The American Lover is a short-story collection. It would be fair to say it is a bit of a hotchpotch, with stories of very varying length, theme, tone and style. The majority have already been published in newspapers or magazines, and when assembled they don’t flow as a purpose-built collection should.

There are short-story writers who also produce novels (Lorrie Moore, for instance) and, more common, novelists who also write occasional stories. Sometimes these sorties into other kinds of storytelling have excellent results, but as a general rule writers are at their best in the form they most often turn to. The novelist is skilled at extending, the short-story writer at compressing. A successful story should leave the reader with the luxurious sense that something generous, almost wasteful, has been bestowed; like one of those recipes which demand that you boil a whole lobster with a pint of white wine and a quart of cream but only retain a couple of tablespoons of liquid at the end. By contrast, I fancy that some novelists turn to short stories in the way that the rest of us turn to our fridges on a Sunday night, wondering how to use up those scraps that are too good to throw away, but not enough for a feast.

Most of the stories here are such morsels. There’s one about a man who starts a dog kennels, another in which a daughter visits her mother during a heavy storm, while one concerns a dear old man who goes for walks. Each has only a snippet of a story.

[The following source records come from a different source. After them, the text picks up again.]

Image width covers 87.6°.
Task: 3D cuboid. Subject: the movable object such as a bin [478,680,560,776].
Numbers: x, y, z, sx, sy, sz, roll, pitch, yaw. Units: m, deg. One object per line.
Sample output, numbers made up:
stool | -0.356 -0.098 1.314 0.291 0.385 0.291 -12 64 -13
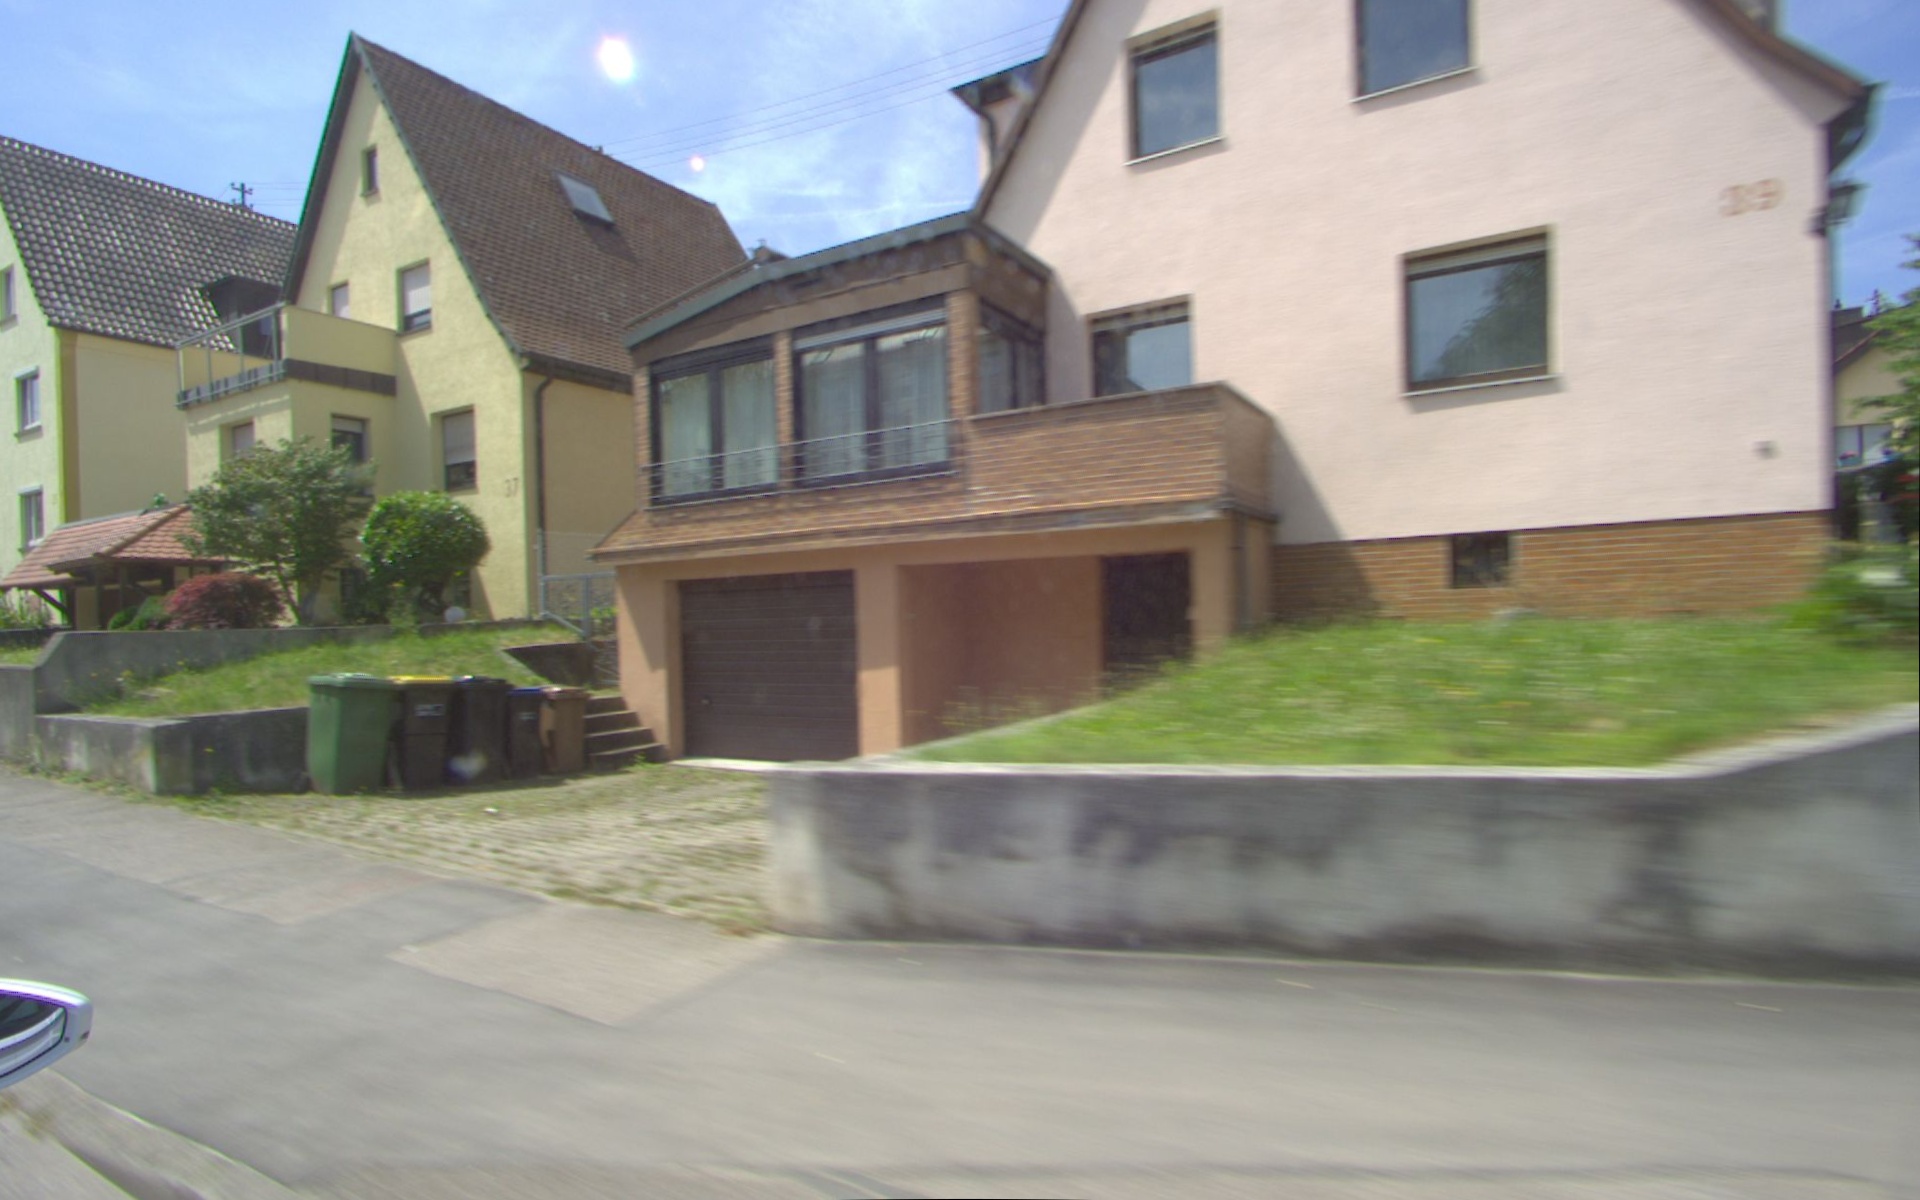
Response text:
movable object such as a bin | -4.695 1.351 10.675 0.555 0.962 0.528 0 -5 32

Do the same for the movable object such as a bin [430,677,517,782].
movable object such as a bin | -4.938 1.301 10.175 0.555 1.001 0.528 0 -5 32

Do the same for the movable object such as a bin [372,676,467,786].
movable object such as a bin | -5.233 1.260 9.706 0.555 1.001 0.528 0 -6 32

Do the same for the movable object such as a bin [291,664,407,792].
movable object such as a bin | -5.578 1.147 9.144 0.723 1.091 0.583 0 -4 32

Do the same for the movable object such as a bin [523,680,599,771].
movable object such as a bin | -4.454 1.387 11.189 0.555 0.963 0.528 0 -3 32

Tremain is not inclined, here, to be kind to lovers. A pretty girl from the suburbs goes to Paris, buys a black dress, has an unsuitable fling and comes home again; while in the title story, another ill-judged liaison ends badly. Love never seems to bring happiness. An elderly couple running away from their middle-aged daughter is an excellent premise: in the hands of Lorrie Moore this would have been a devilishly good tale, but here Tremain kills off one of the escapees and the initial exuberance just fizzles out.

The most successful stories are the three which reimagine key scenes from other writers’ lives or work. There’s one called ‘21st Century Juliet’, a funny and sharp reworking of Shakespeare’s heroine. The best story concerns an unhappily married station master at the tiny railway station where the dying Tolstoy ends his days, pursued by his own miserable wife. Another gem imagines a passionate affair between Daphne du Maurier and the model for Mrs Danvers, conducted in the same boathouse where the wicked Rebecca goes to meet her lover.

These tales are fantastic. A wise editor would have suggested that Rose Tremain write a handful of others along similar lines.